Source records:
---------------

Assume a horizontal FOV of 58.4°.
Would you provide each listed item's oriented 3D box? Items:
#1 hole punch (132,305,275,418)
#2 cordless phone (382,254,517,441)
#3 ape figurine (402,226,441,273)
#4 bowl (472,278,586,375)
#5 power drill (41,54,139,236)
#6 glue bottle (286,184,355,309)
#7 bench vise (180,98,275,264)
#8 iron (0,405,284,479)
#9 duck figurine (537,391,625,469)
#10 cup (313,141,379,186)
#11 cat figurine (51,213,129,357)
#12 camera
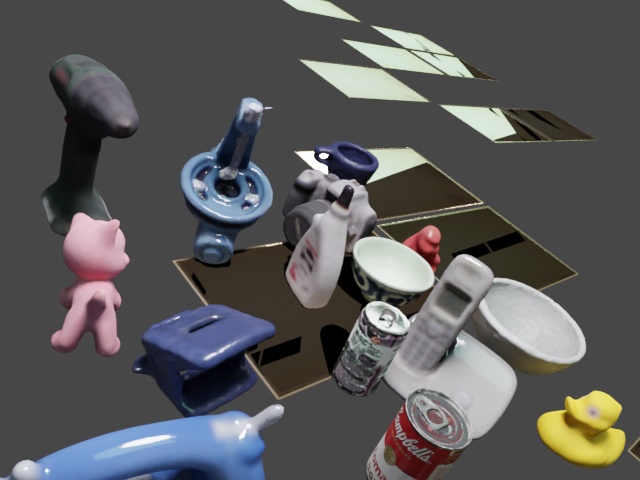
[{"bbox_3d":[-0.115,0.105,0.571,0.101,0.091,0.109,39,34,24],"label":"hole punch"},{"bbox_3d":[0.165,0.119,0.647,0.147,0.185,0.094,33,32,15],"label":"cordless phone"},{"bbox_3d":[0.155,0.018,0.886,0.078,0.092,0.076,15,32,-14],"label":"ape figurine"},{"bbox_3d":[0.281,0.133,0.812,0.168,0.074,0.167,17,31,-11],"label":"bowl"},{"bbox_3d":[-0.275,-0.112,0.681,0.076,0.208,0.229,-3,40,-37],"label":"power drill"},{"bbox_3d":[0.007,0.003,0.731,0.037,0.173,0.078,-3,40,-37],"label":"glue bottle"},{"bbox_3d":[-0.128,-0.106,0.760,0.122,0.219,0.207,2,37,-31],"label":"bench vise"},{"bbox_3d":[-0.145,0.177,0.391,0.259,0.141,0.118,0,38,-34],"label":"iron"},{"bbox_3d":[0.330,0.223,0.696,0.104,0.086,0.077,19,31,-7],"label":"duck figurine"},{"bbox_3d":[0.034,-0.115,1.007,0.118,0.095,0.091,11,33,-20],"label":"cup"},{"bbox_3d":[-0.227,0.034,0.579,0.067,0.117,0.127,7,35,-26],"label":"cat figurine"},{"bbox_3d":[0.000,-0.047,0.873,0.143,0.101,0.137,38,34,23],"label":"camera"}]

---------------

Please reproduce every entry above exactly, but leave out the pictures.

WRITTEN REPLY:
Assume a horizontal FOV of 58.4°.
Would you provide each listed item's oriented 3D box? Items:
#1 hole punch (132,305,275,418)
#2 cordless phone (382,254,517,441)
#3 ape figurine (402,226,441,273)
#4 bowl (472,278,586,375)
#5 power drill (41,54,139,236)
#6 glue bottle (286,184,355,309)
#7 bench vise (180,98,275,264)
#8 iron (0,405,284,479)
#9 duck figurine (537,391,625,469)
#10 cup (313,141,379,186)
#11 cat figurine (51,213,129,357)
#12 camera
[{"bbox_3d":[-0.115,0.105,0.571,0.101,0.091,0.109,39,34,24],"label":"hole punch"},{"bbox_3d":[0.165,0.119,0.647,0.147,0.185,0.094,33,32,15],"label":"cordless phone"},{"bbox_3d":[0.155,0.018,0.886,0.078,0.092,0.076,15,32,-14],"label":"ape figurine"},{"bbox_3d":[0.281,0.133,0.812,0.168,0.074,0.167,17,31,-11],"label":"bowl"},{"bbox_3d":[-0.275,-0.112,0.681,0.076,0.208,0.229,-3,40,-37],"label":"power drill"},{"bbox_3d":[0.007,0.003,0.731,0.037,0.173,0.078,-3,40,-37],"label":"glue bottle"},{"bbox_3d":[-0.128,-0.106,0.760,0.122,0.219,0.207,2,37,-31],"label":"bench vise"},{"bbox_3d":[-0.145,0.177,0.391,0.259,0.141,0.118,0,38,-34],"label":"iron"},{"bbox_3d":[0.330,0.223,0.696,0.104,0.086,0.077,19,31,-7],"label":"duck figurine"},{"bbox_3d":[0.034,-0.115,1.007,0.118,0.095,0.091,11,33,-20],"label":"cup"},{"bbox_3d":[-0.227,0.034,0.579,0.067,0.117,0.127,7,35,-26],"label":"cat figurine"},{"bbox_3d":[0.000,-0.047,0.873,0.143,0.101,0.137,38,34,23],"label":"camera"}]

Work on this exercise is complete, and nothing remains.